Last Saturday I went out for the third time this year, and this time I only had trouble sleeping the night before. Since then, I’ve been back to normal. I don’t know for sure why I had such a strong reaction back in July, but I have a few guesses.

When I went out in July, it was the first time in two years, and that made it much more exciting. In August and again this weekend, it had been a month or less. It was still exciting, but not exciting enough to keep me up for several nights. So that was a factor.

I also got a lot of affirmation in July. I spent the afternoon with one of my best friends, and he was really nice to me, even though he’s going through a lot of his own issues. He said I looked good, said he didn’t know how anyone could have read me. He picked out clothes for me to try on and gave me helpful feedback. He asked thoughtful, sympathetic questions about my trans feelings and experiences. I also dealt with security guards who were uniformly polite, friendly and gender-affirming. I ran into a co-worker who said I looked great.

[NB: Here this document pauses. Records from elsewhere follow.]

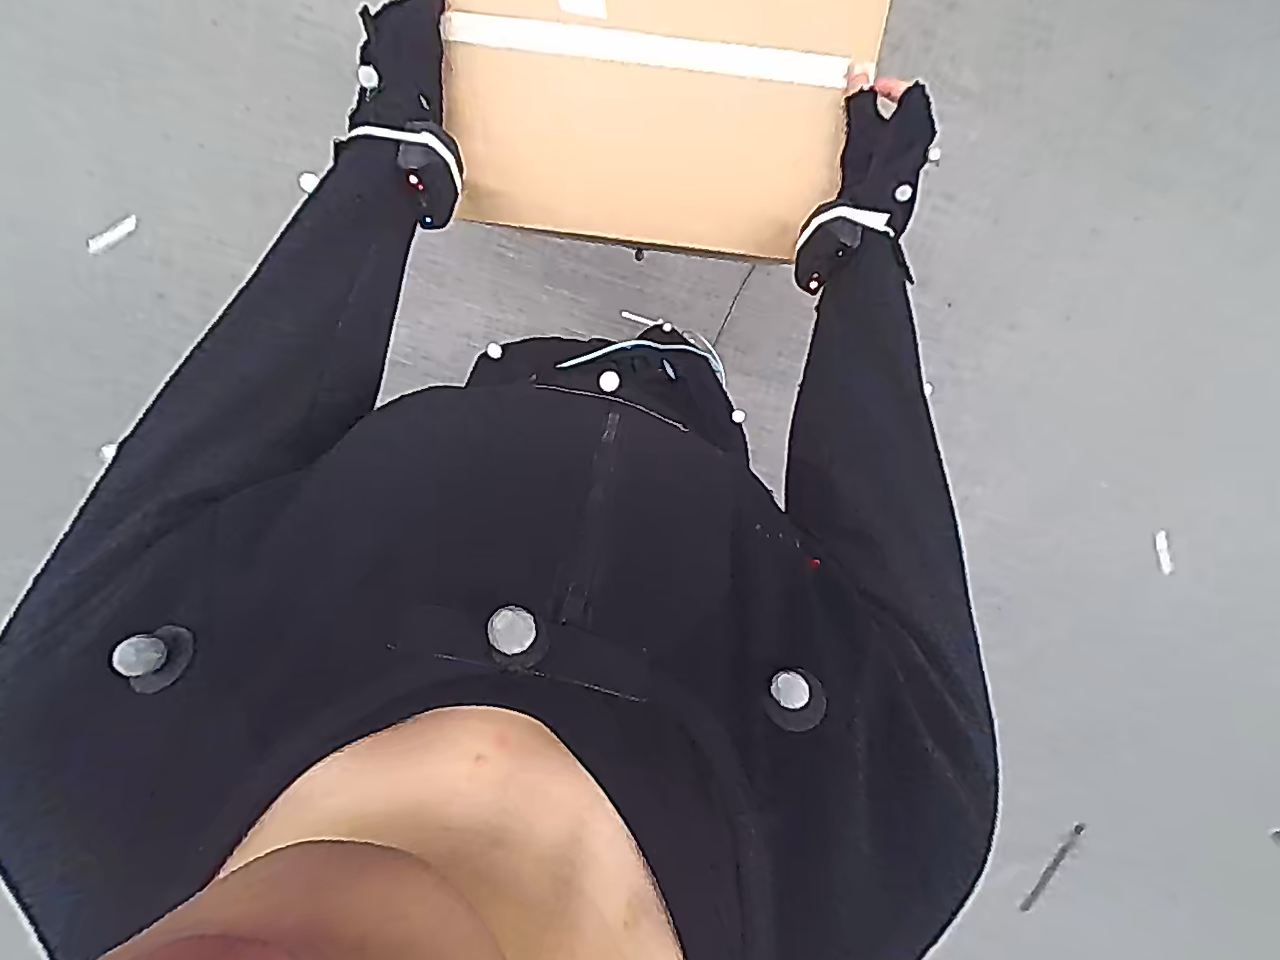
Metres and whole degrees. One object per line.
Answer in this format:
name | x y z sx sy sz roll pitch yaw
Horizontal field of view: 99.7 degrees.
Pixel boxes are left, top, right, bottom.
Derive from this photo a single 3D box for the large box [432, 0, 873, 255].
large box | 0.013 -0.450 0.636 0.408 0.320 0.320 7 111 0
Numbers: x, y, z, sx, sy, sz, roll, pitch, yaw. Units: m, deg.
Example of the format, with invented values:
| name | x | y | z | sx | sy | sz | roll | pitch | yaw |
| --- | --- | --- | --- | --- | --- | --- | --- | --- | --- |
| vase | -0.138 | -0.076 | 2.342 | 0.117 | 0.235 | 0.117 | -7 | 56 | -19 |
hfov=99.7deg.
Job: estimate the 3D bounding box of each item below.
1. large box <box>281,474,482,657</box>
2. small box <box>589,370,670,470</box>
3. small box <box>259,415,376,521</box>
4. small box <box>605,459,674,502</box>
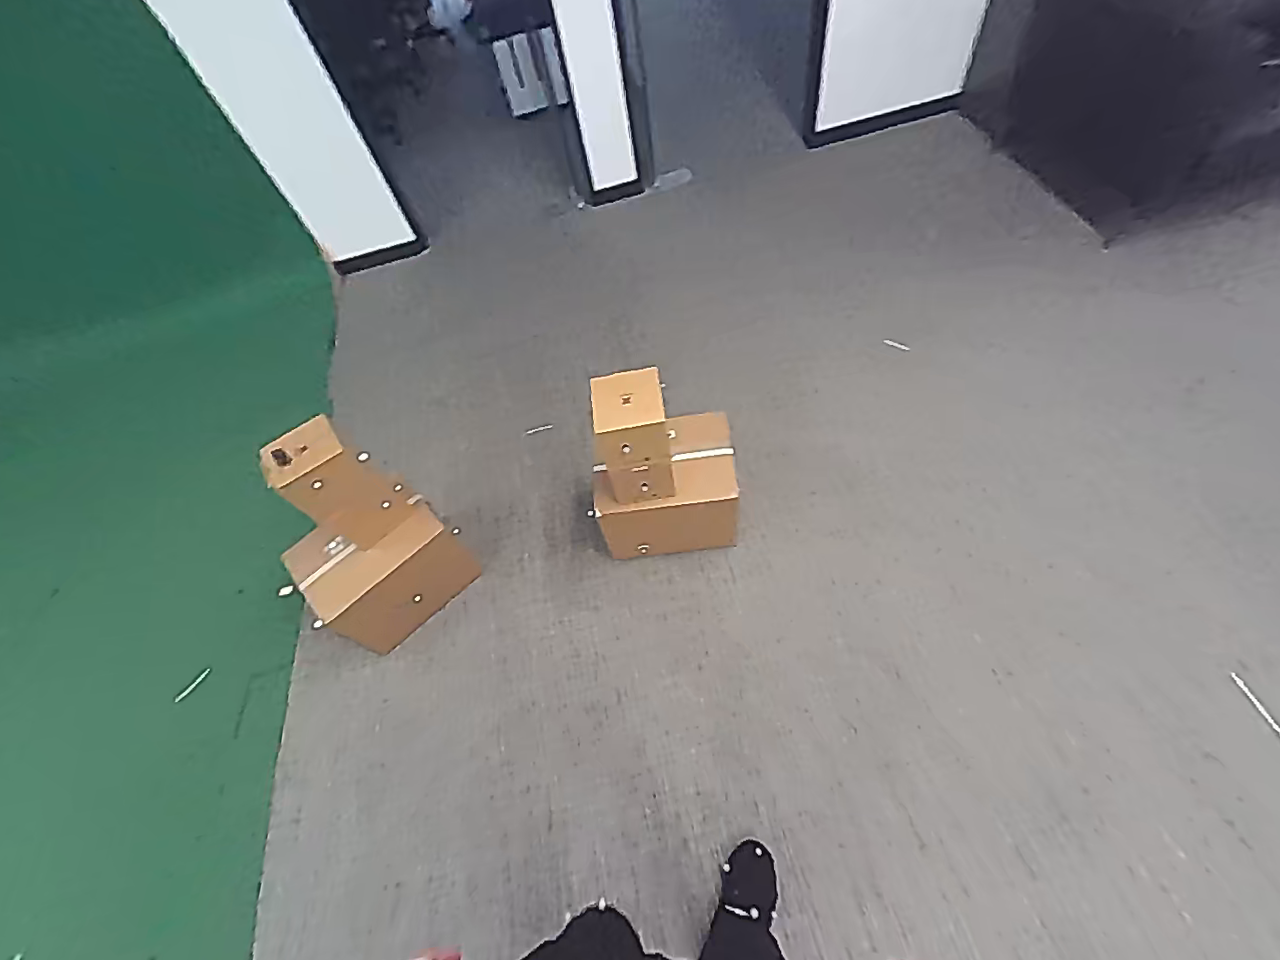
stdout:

The second time I went out this year, I made the mistake of riding Citibike in the heat. My friend is out of town, so I went to regular middlebrow stores, where people didn’t pay much attention to me, and probably less than normal because I was sweaty. I had a nice conversation with the same co-worker, but it wasn’t as exciting the second time.

This past weekend, I got sirred by the woman in the dressing room at Burlington Coat Factory. I had a nice time and got some fun clothes, and had a short conversation with my co-worker, but overall it wasn’t that exciting.

The combination of novelty and affirmation was probably what made my gender fog so intense in July. Since the intensity was unpleasant, I need to manage those and try not to get so much of both at the same time. I’m planning to make my outings a bit more frequent (every month or two) without doing anything too exciting. I’ll let you know how that goes.